Saving Realtime Transit Data to a DataFrame
In the post Getting Realtime Transit Data from the STM API using Python, I looked at getting realtime transit data and printing it to a notebook cell.
Here, I'll instead save it to a Polars DataFrame so it's easy to analyze. I like working with Polars because it has a really intuitive API.
Set up
Install polars
into the same environment as used in the Getting Realtime Transit Data post:
pip install polars
Notebook setup
I write the code. In the first cell of the notebook, import the libraries we'll use:
import requests
import gtfs_realtime_pb2
import polars as pl
The first two here are the same as in the "Getting Realtime Transit Data" post.
Getting the data
The following code comes from the earlier post, the only difference now being that we add it within a function, realtime
, and then instead of hardcoding the API key, we add an api_key
parameter to the function.

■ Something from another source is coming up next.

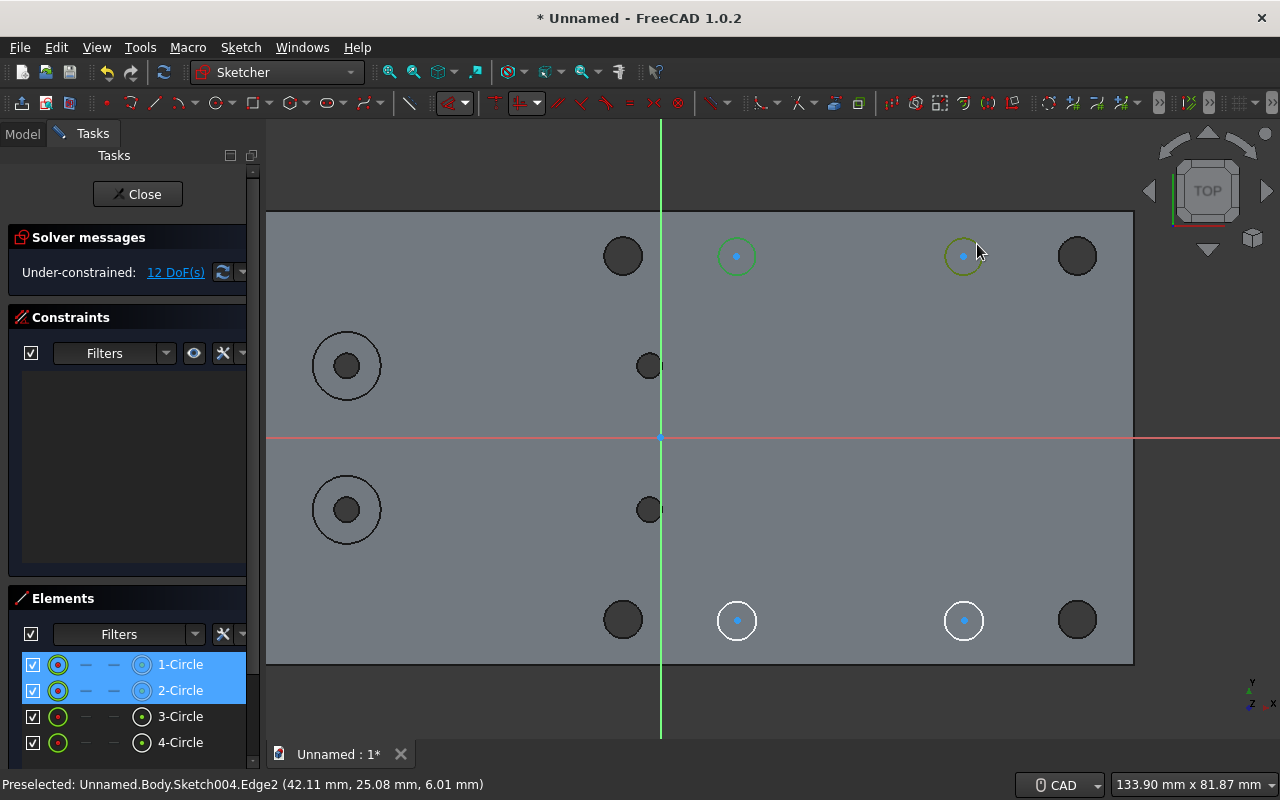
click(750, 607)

Now we'll have code that's easier to work with in our notebook and we can call it multiple times to get realtime data for multiple points in time.
def realtime(api_key):
url = "https://api.stm.info/pub/od/gtfs-rt/ic/v2/vehiclePositions"
headers = {
"accept": "application/x-protobuf",
"apiKey": f"{api_key}",
}
response = requests.get(url, headers=headers)
protobuf_data = response.content
message = gtfs_realtime_pb2.FeedMessage()

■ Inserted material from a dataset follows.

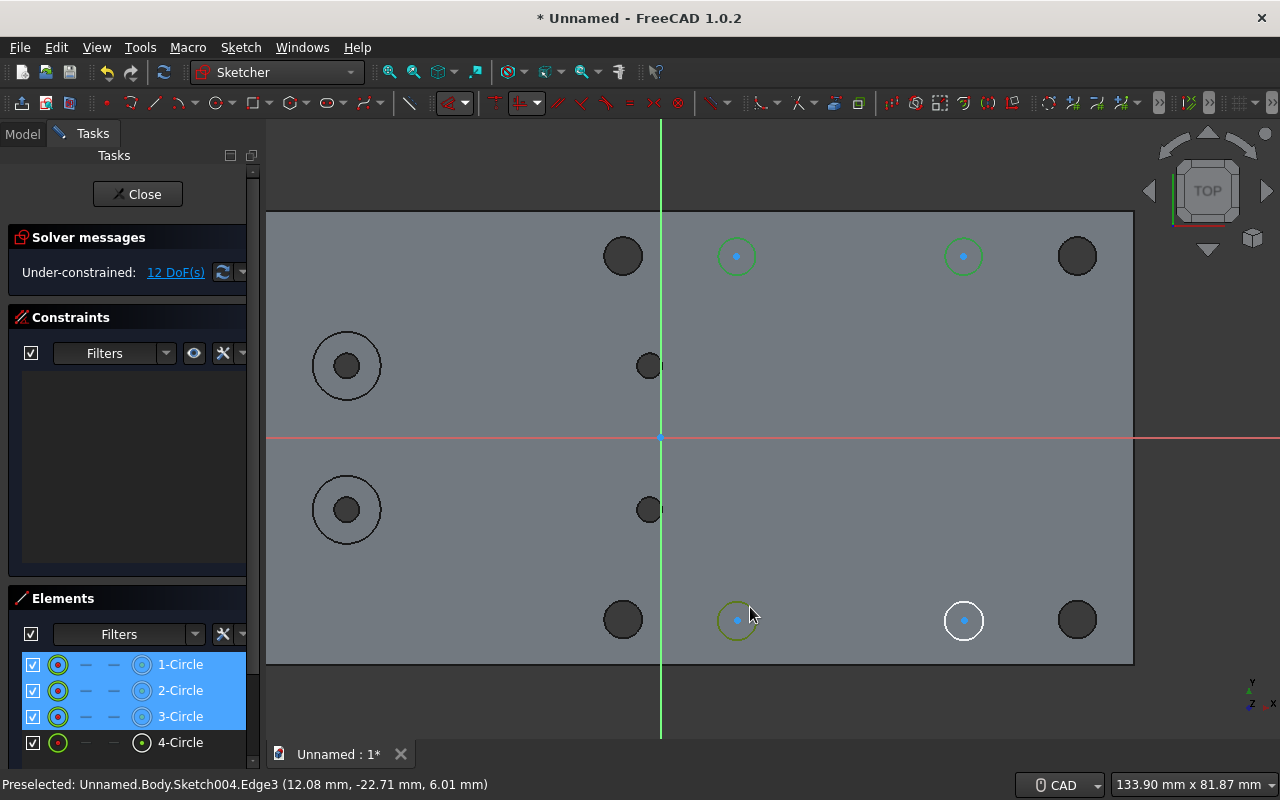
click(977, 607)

message.ParseFromString(protobuf_data)
Processing to a DataFrame
So message
contains our realtime data. We are going to process the fields we want from that realtime data. We will initially represent each returned entity as a dictionary and then store each of those dictionaries in a list.
[
{'trip_id':'123', 'route_id':'45', 'longitude'....}
{'trip_id':'456', 'route_id':'29', 'longitude'....}
...
]
With a list of dictionaries, where each dictionary represents one entity, we'll then convert it to a DataFrame.

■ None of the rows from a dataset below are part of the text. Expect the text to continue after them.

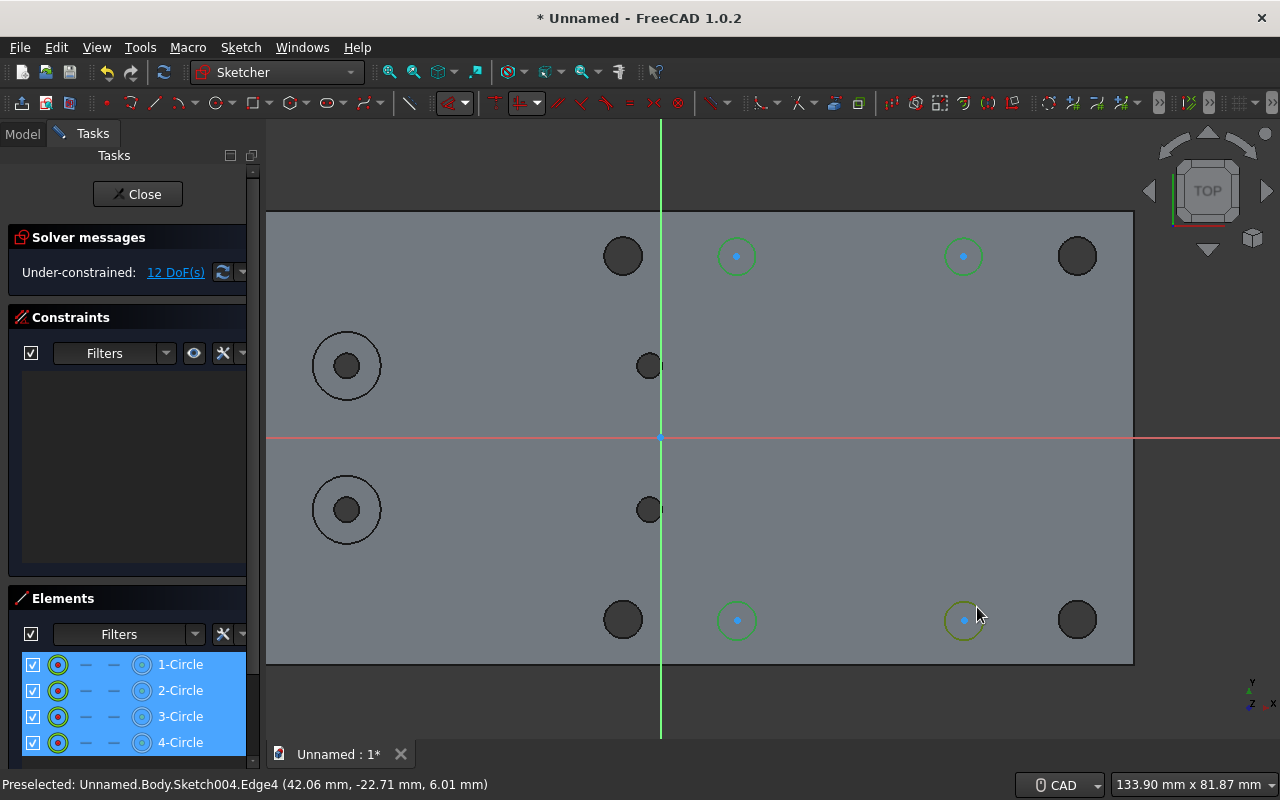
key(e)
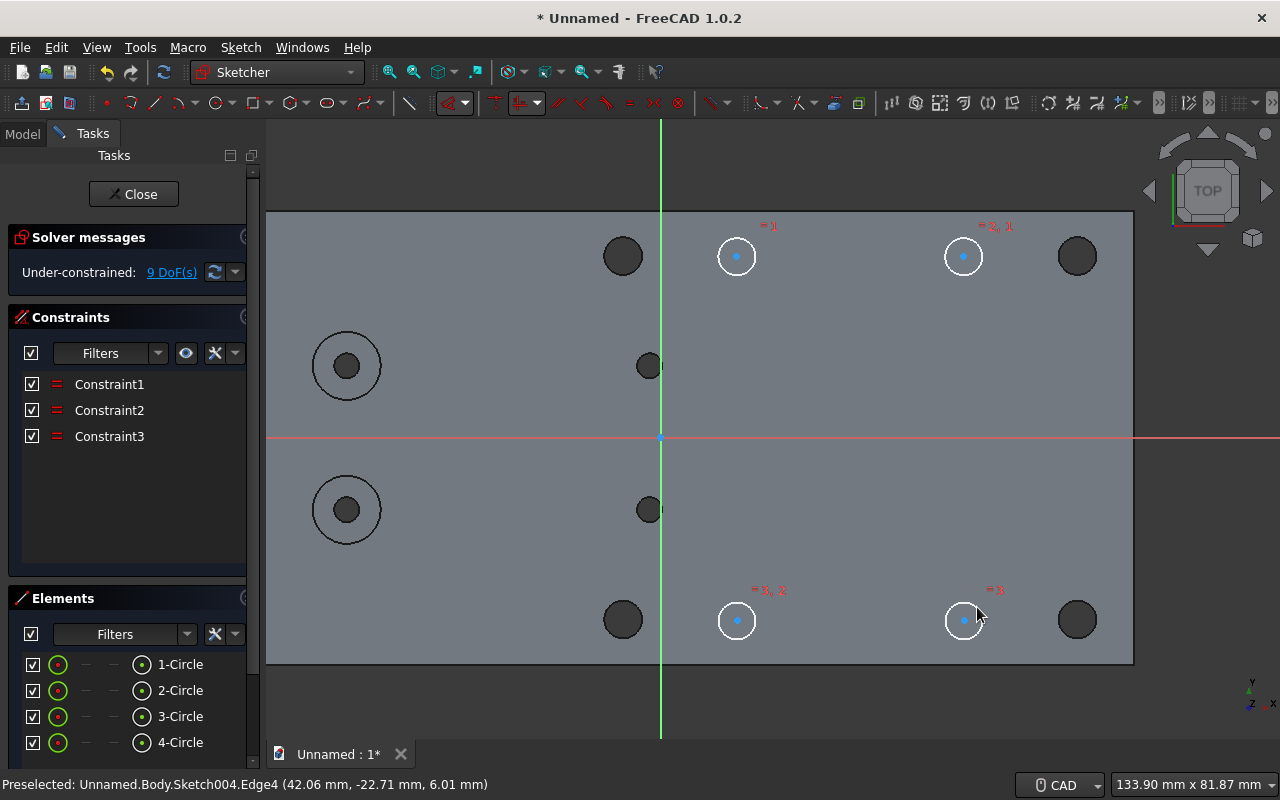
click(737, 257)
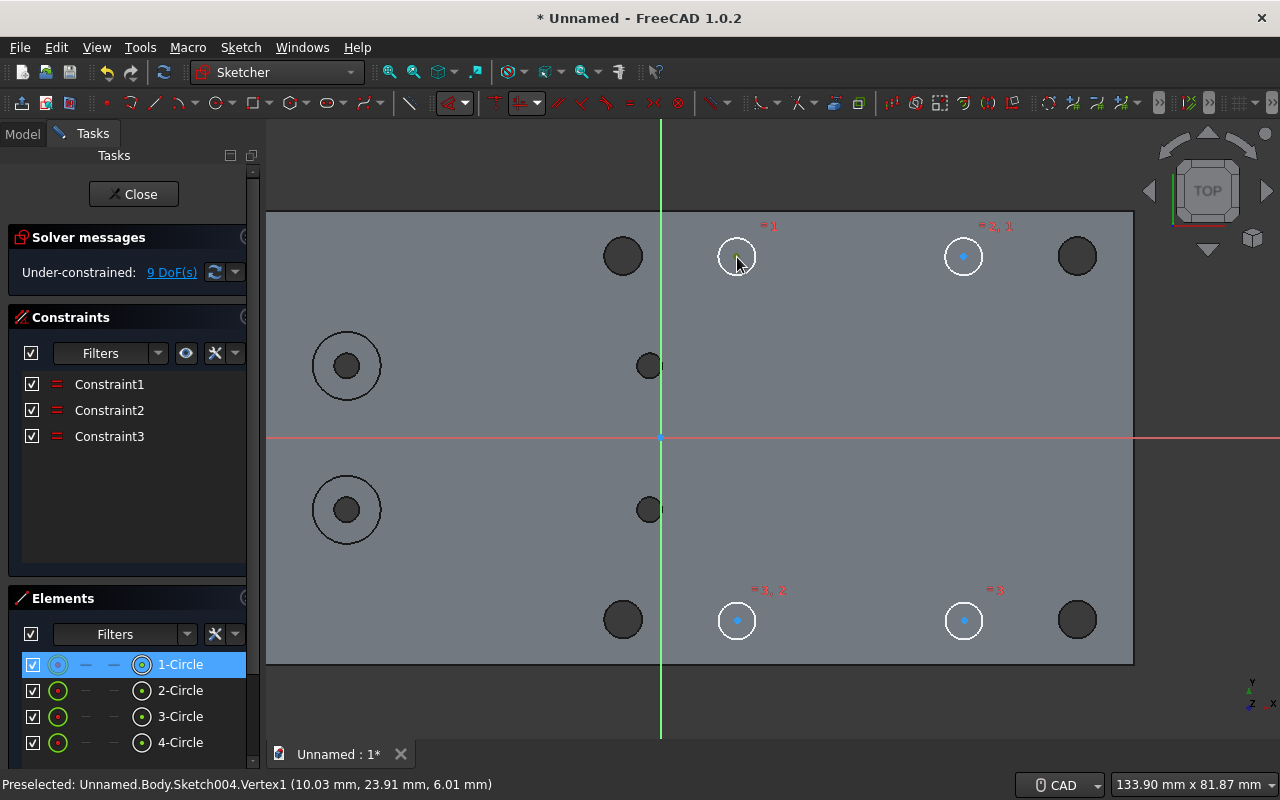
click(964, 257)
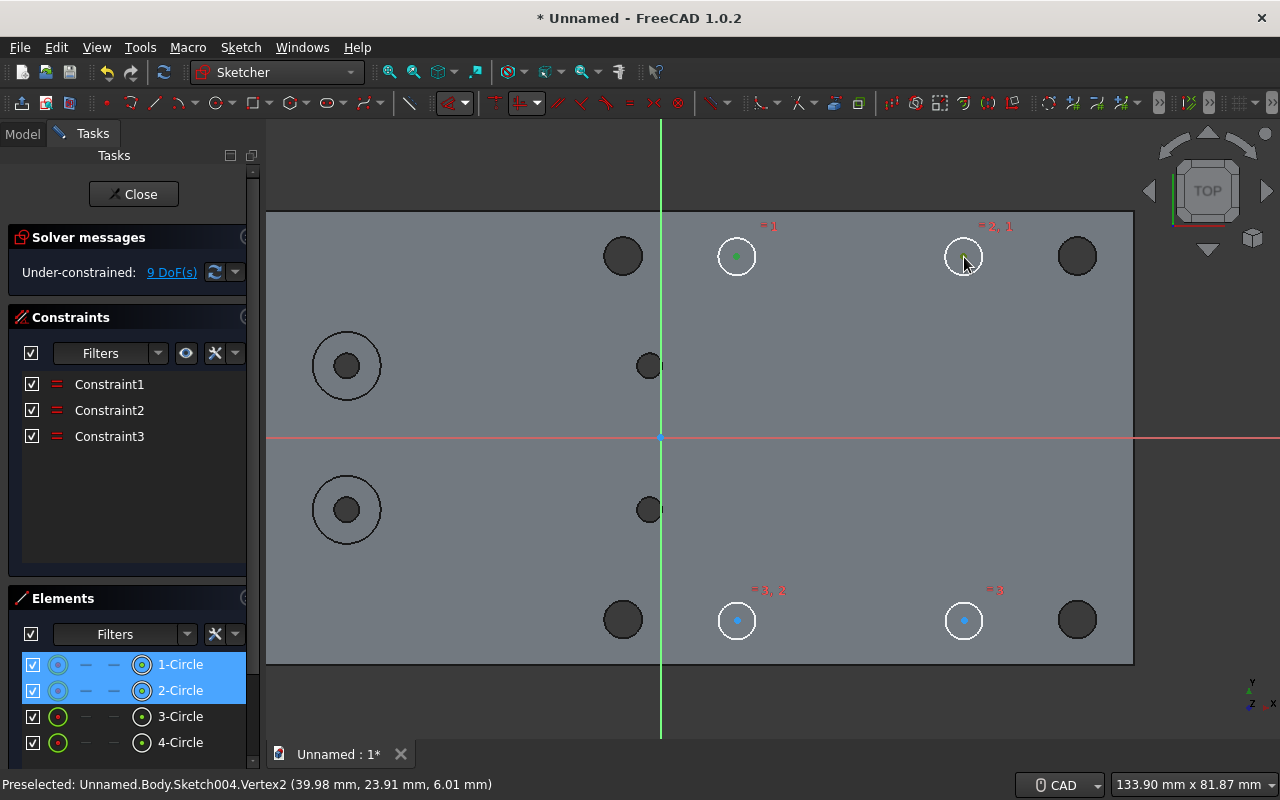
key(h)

Here's what the code will look like:
...
# Create a list to store each entity in
data = []
# Get the timestamp from the message header
header_timestamp = message.header.timestamp
# Loop through the entities
for entity in message.entity:
# Create an empty dict to store the entity information
entity_data = {}
# Extract all the relevant fields and add them to the empty dict
entity_data['header_timestamp'] = header_timestamp
entity_data['entity_id'] = entity.id
trip = entity.vehicle.trip
entity_data['trip_id'] = trip.trip_id
entity_data['start_time'] = trip.start_time
entity_data['start_date'] = trip.start_date
entity_data['route_id'] = trip.route_id
position = entity.vehicle.position
entity_data['latitude'] = position.latitude
entity_data['longitude'] = position.longitude
entity_data['bearing'] = position.bearing
entity_data['speed'] = position.speed
entity_data['current_stop_sequence'] = entity.vehicle.current_stop_sequence
entity_data['current_status'] = entity.vehicle.current_status
entity_data['timestamp'] = entity.vehicle.timestamp
vehicle = entity.vehicle.vehicle
entity_data['vehicle_id'] = vehicle.id
entity_data['occupancy_status'] = entity.vehicle.occupancy_status
# Add this record to the list
data.append(entity_data)
# Convert the list of dicts to a polars DataFrame
df = pl.DataFrame(data)
return df
Now calling the function with an API key:
df = realtime("<api_key>")
We get a polars
DataFrame object back:
We can now start to explore the data. For example, using a filter to get the current buses running for a particular route. Here, I use route 45...because it's the best in Montreal.
df.filter(pl.col("route_id")=="45")
In a future post, I'll look at exploring the data in more detail.